Abstract

Laser-induced breakdown spectroscopy (LIBS) has emerged as a powerful analytical technique widely applied in materials science, environmental monitoring, and other fields. In traditional quantitative analysis, models are established for the sample-to-element content based on acquired characteristic spectra combined with specific modeling methods. Small-sample LIBS poses significant challenges to researchers due to its high dimensionality and limited sample size, making it difficult for traditional modeling methods to establish effectively generalized and robust models. Addressing the issues of overfitting during training and the uncertainty of LIBS data, we developed an artificial neural network (ANN) model. Unlike traditional ANN which uses mean squared error functions as training losses, Gaussian negative log-likelihood (GLL) functions were used to train the model. This approach allows for simultaneous consideration of the quantitative prediction of sample element concentrations and the uncertainty of the quantification model prediction.

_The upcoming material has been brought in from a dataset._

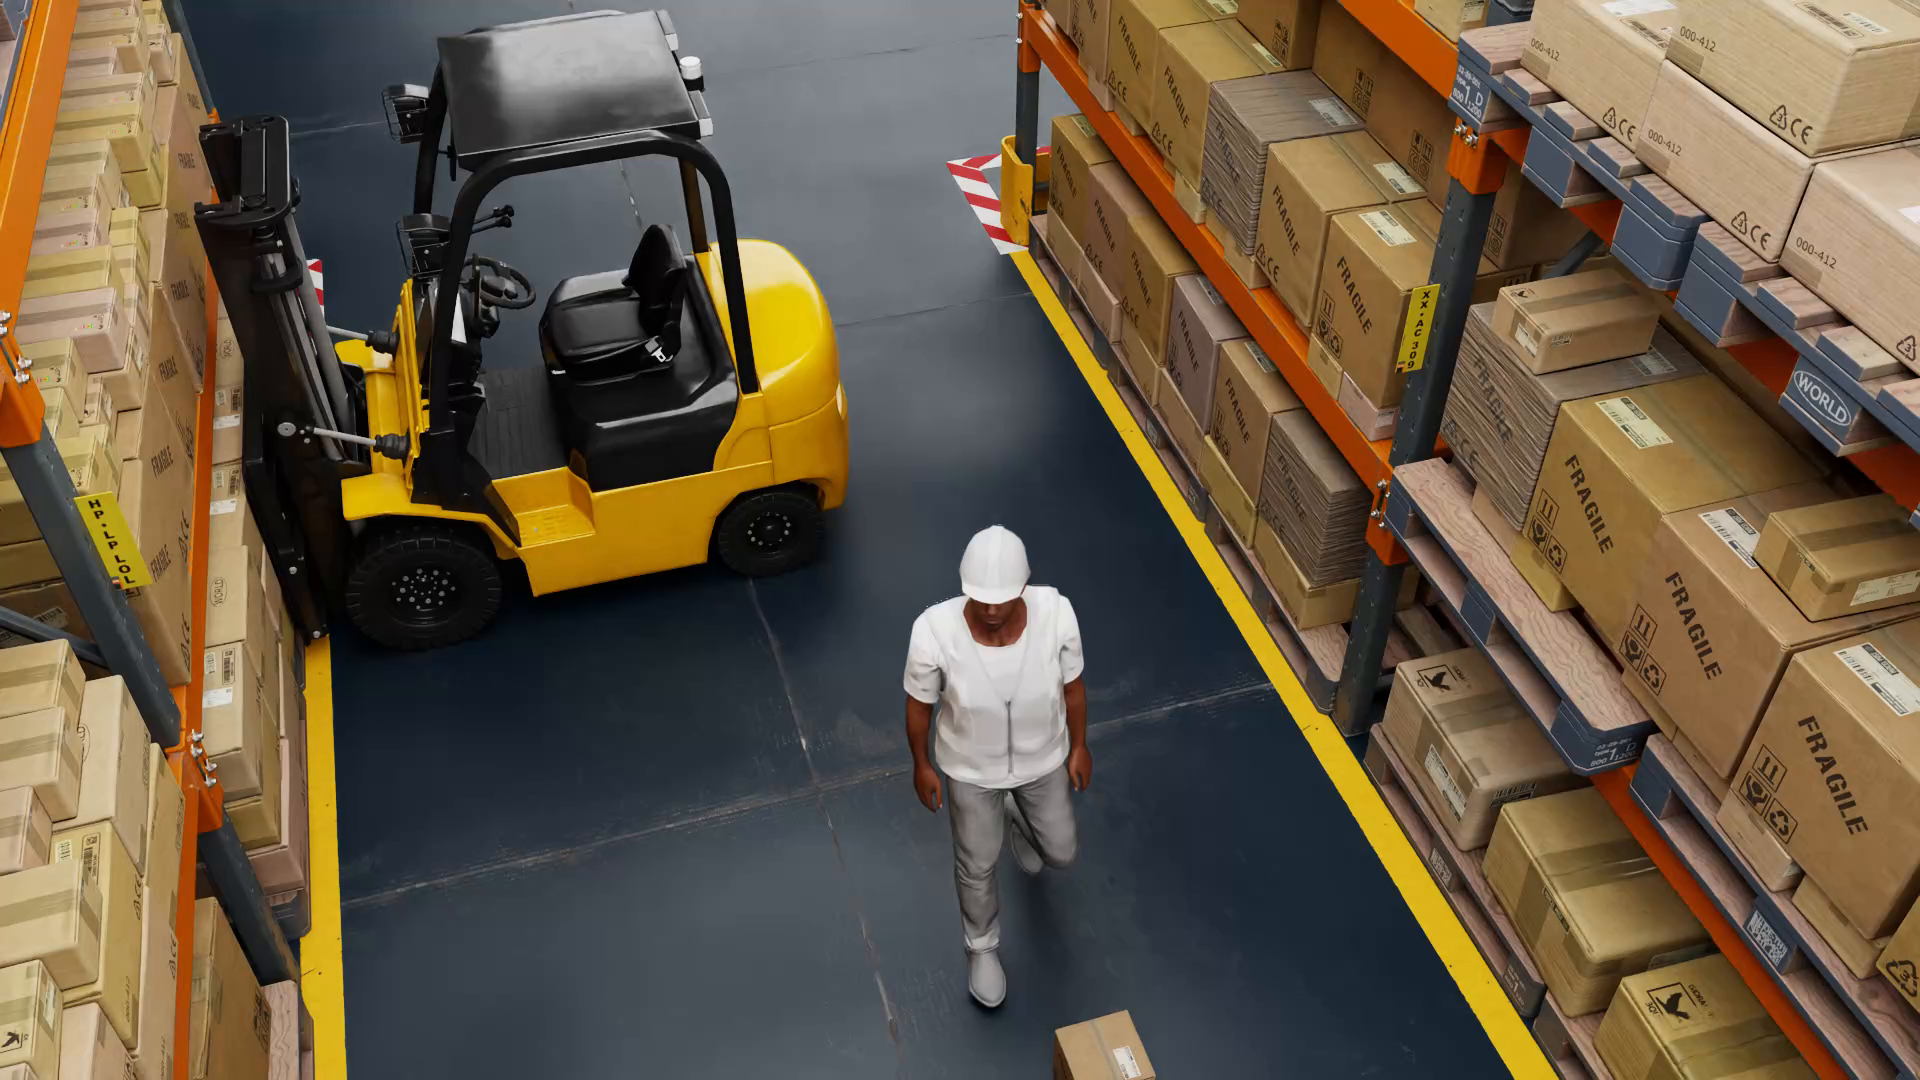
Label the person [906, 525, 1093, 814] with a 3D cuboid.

Moreover, the Monte Carlo Dropout (MCDropout) method was applied to reduce prediction bias, resulting in a more robust, generalizable, and uncertainty-aware quantitative model. Compared to traditional quantitative methods, the method proposed in this paper achieved quantitative accuracies of 0.9877, 0.9939, 0.9876, and 0.9899 for four elements (Mn, Mo, Cr, Cu) in stainless steel, respectively. The uncertainty output effectively informs data comprehension and spectral analysis. To the best of our knowledge, this study is the first to propose utilizing model-quantified spectral uncertainty in LIBS quantitative tasks. This innovative study not only provides solutions for small-sample LIBS learning but also enhances the stability and accuracy of quantitative modeling by addressing the impact of uncertainty on training and reducing uncertainty. It is crucial for overcoming the limitations of traditional methods in small-sample LIBS quantification and achieving reliable real-time, high-precision LIBS detection, taking LIBS technology a step further towards practical reliability and precision.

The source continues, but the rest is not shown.